# are there any puffins in cornwall



## boywonder (Mar 10, 2008)

me and the mrs are off to cornwall for a week and my mrs would love to go on a boat to see some puffins and other seabirds like razorbills , can anybody point me in the right direction please


----------



## Grond (Jun 17, 2008)

boywonder said:


> me and the mrs are off to cornwall for a week and my mrs would love to go on a boat to see some puffins and other seabirds like razorbills , can anybody point me in the right direction please


Scotland! :lol2:

Skomer Island in Pembrokeshire is probably your nearest puffin colony.

Don't think there's any puffin colonies in cornwall, but there are plenty of other seabirds. The puffins have all headed back out to sea now for the winter. You need to catch them in May. 

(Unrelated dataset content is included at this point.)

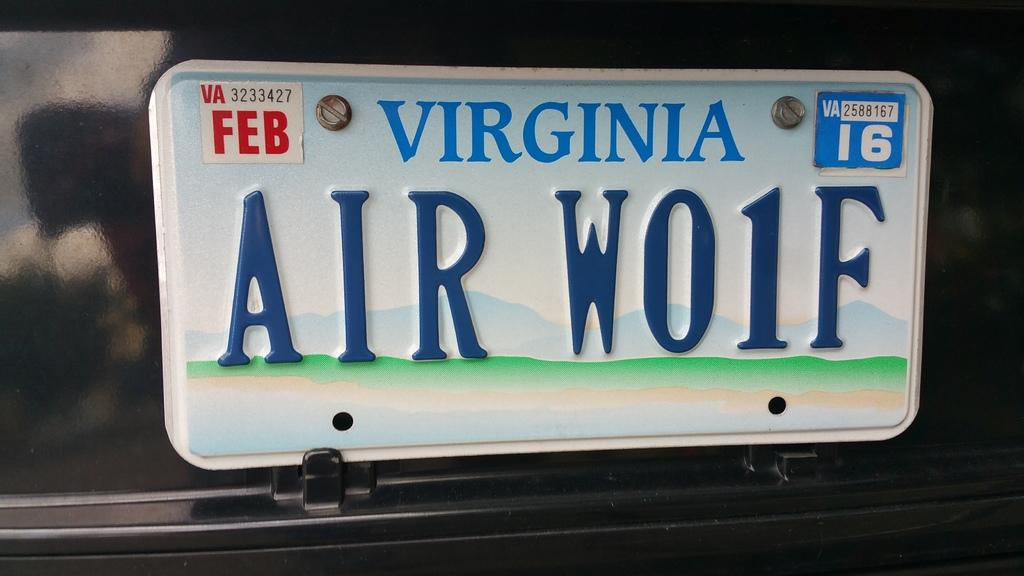<image>
Offer a succinct explanation of the picture presented. A Virginia licence plate with the words Air Wo1F

You may well see yourself a Cornish chough if you get out on the cliff tops. These have recolonised from Wales in recent years. : victory:


----------



## Shellsfeathers&fur (Jan 18, 2009)

There's Lundy Island in the Bristol Channel (opposite Bideford, Devon very roughly) so could be a stopping point en route. However, as Grond says they've probably gone already, but could be worth contacting their tourist office etc.

You should catch a pasty or two in Cornwall though :blush:


----------



## vawn (Jul 1, 2008)

the puffins are in the scillies n sometimes landsend/sennen
there are boat trips to see the seals n gannets,the occasional turn, baskin sharks etc here in st ives but the further north you go in cornwall the less wildlife there seems to be
the pasties are alot less timid, you should find them easily, usually under a herring gull


----------



## *Blushing_Spider* (Jul 15, 2010)

Vawms right you do find them in the isle of scilly. i personally havnt seen them but i knw a few ppl who hav =)


----------